1. - Con ordinanza emessa il 18 marzo 1980, il Tribunale di Roma ha sollevato questione di legittimità costituzionale dell'art. 1, primo comma, della legge 22 maggio 1975, n. 152, nella parte in cui vieta di concedere la libertà provvisoria agli imputati del delitto di rapina aggravata (che veniva in specifica considerazione nella specie).

Secondo il giudice a quo, la norma impugnata contrasterebbe anzitutto "con lo spirito della Carta costituzionale", desumibile dagli artt. 13-54 della Carta stessa: in quanto collegherebbe il trattamento in esame a criteri "del tutto arbitrari", sebbene indicati tassativamente. Inoltre, essa violerebbe l'art. 3 Cost., per l'irragionevolezza della soluzione accolta: vale a dire, poiché la particolare gravità del reato in questione non rappresenterebbe un "indice adeguato" dell'"esistenza di quegli interessi processuali per i quali solo l'imputato può essere legittimamente privato della libertà personale"; e poiché, d'altra parte, l'elenco dei reati per i quali la libertà provvisoria é esclusa sarebbe viziato dalla mancata previsione di altri reati egualmente o più gravi (quali il peculato, la concussione, la corruzione, il naufragio, il disastro aviatorio). Del pari, risulterebbero lesi gli artt. 13 e 111 Cost., poiché la norma dispone direttamente l'esclusione e non consente al giudice alcuna valutazione in proposito. E così pure, dato che la custodia preventiva obbligatoria equivarrebbe ad un'anticipazione della pena, sarebbe contraddetto il principio - fissato dall'art. 27 Cost. - per cui l'imputato non é considerato colpevole fino alla condanna definitiva.

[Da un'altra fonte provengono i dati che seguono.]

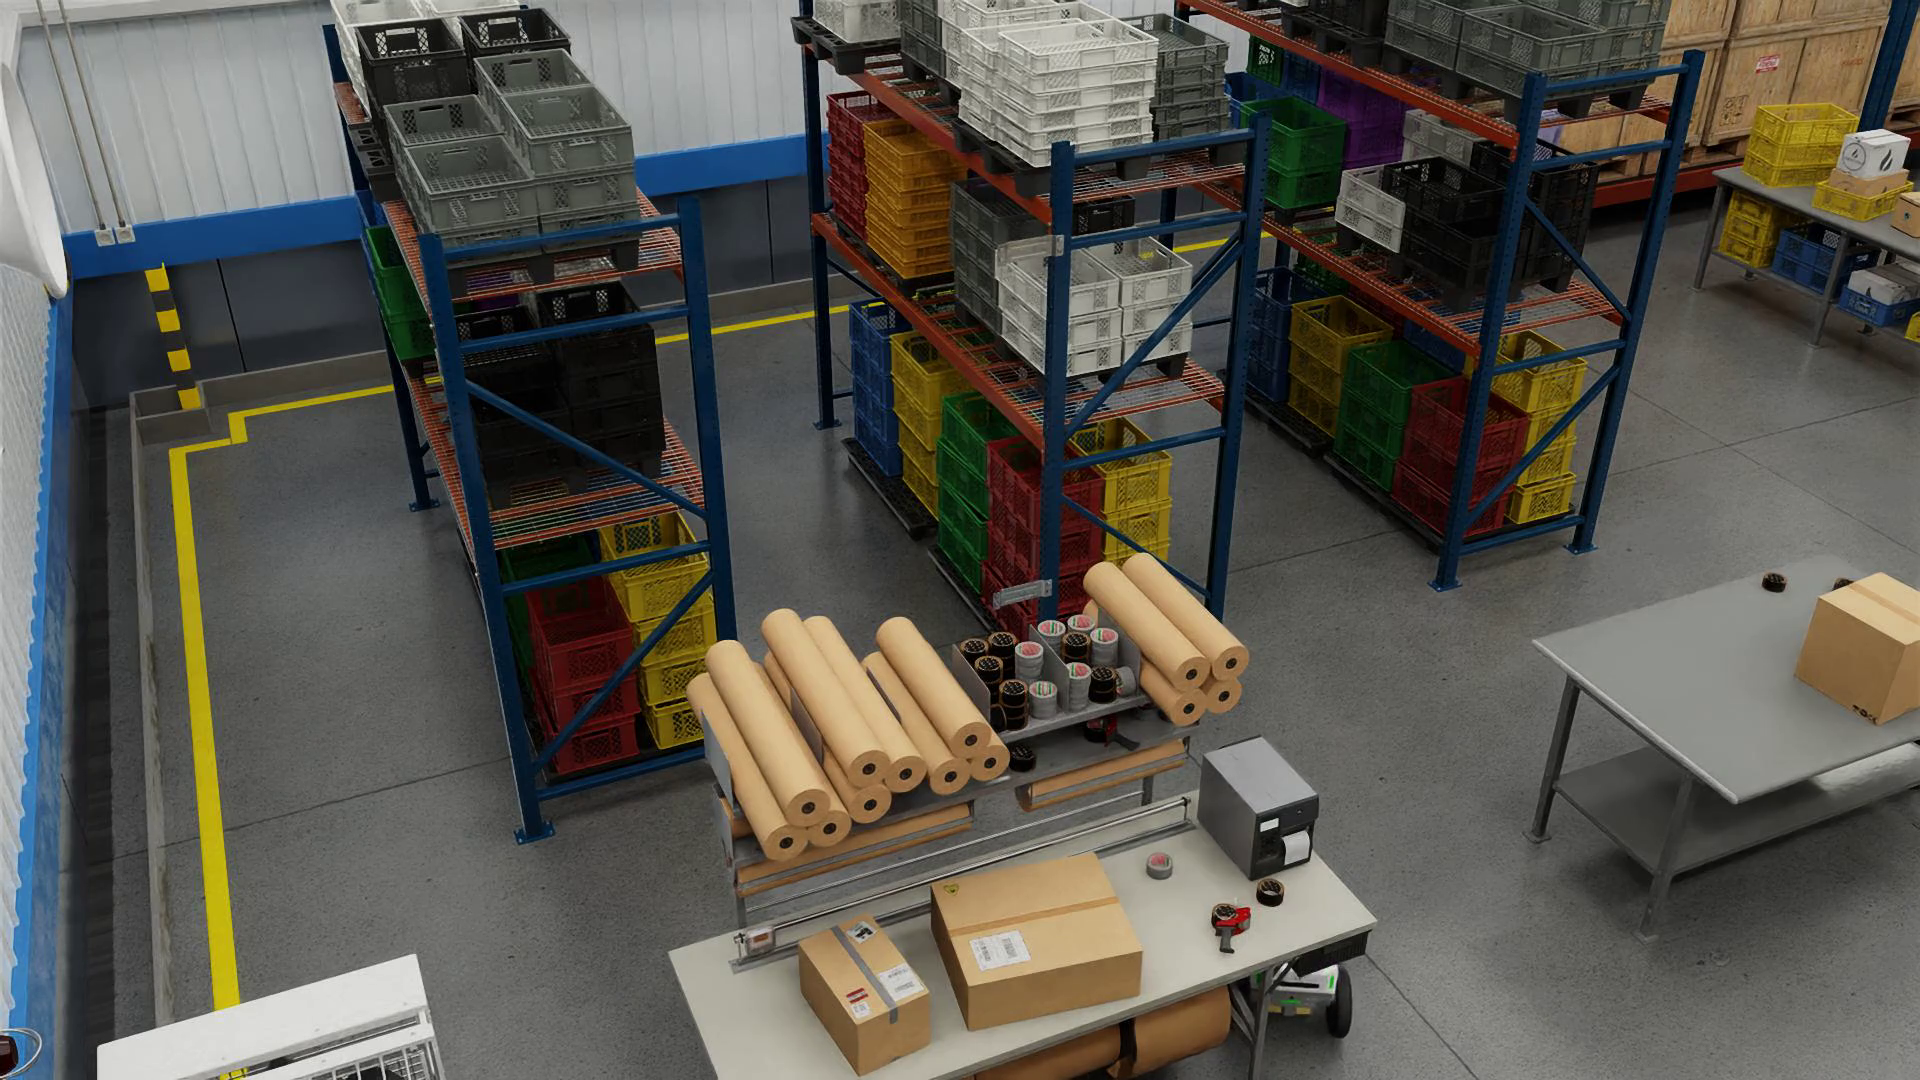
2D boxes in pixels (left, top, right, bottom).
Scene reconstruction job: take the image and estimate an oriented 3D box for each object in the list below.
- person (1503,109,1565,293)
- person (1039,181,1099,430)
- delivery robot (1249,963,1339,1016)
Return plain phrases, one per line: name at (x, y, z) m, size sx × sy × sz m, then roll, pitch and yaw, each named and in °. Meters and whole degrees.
person at (4.363, -2.815, 12.937) m, size 0.636 × 1.939 × 0.364 m, roll -18°, pitch 36°, yaw -27°
person at (0.733, -1.556, 10.942) m, size 0.573 × 1.887 × 0.356 m, roll -15°, pitch 35°, yaw -22°
delivery robot at (1.373, 1.620, 6.958) m, size 0.477 × 0.478 × 0.707 m, roll 2°, pitch 32°, yaw 4°
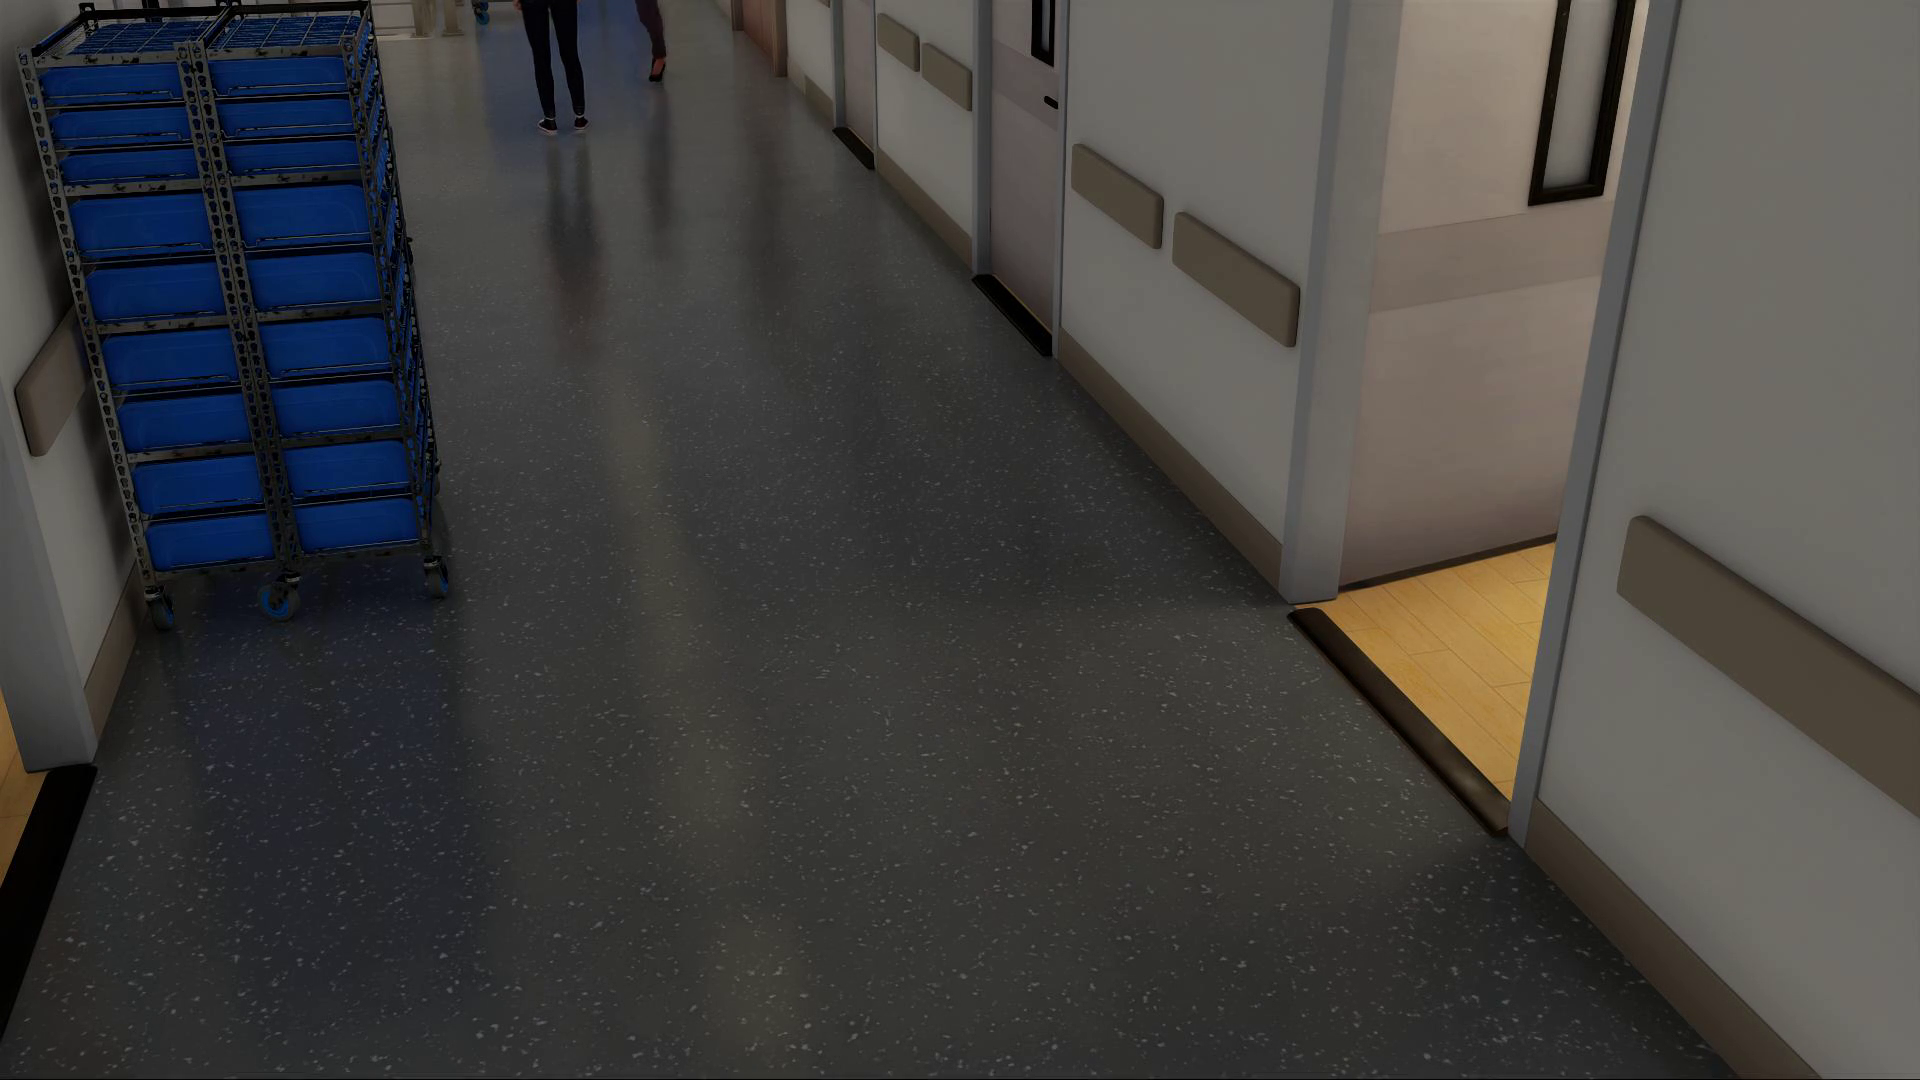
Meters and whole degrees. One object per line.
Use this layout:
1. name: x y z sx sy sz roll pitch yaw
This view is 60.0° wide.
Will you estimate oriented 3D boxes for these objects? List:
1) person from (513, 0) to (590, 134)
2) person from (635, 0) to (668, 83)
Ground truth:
1. person: -2.792 -3.677 11.260 0.612 1.768 0.549 -9 27 -17
2. person: -2.447 -4.451 13.017 0.764 1.637 0.465 -1 26 -2

2. - Nel presente giudizio si sono costituiti gli imputati, aderendo alle tesi esposte nell'ordinanza di rimessione.

L'intervenuto Presidente del Consiglio dei ministri ha invece concluso per l'infondatezza della questione.

Considerato in diritto

Alla stregua della consolidata giurisprudenza di questa Corte, la questione si dimostra non fondata in tutti i suoi aspetti.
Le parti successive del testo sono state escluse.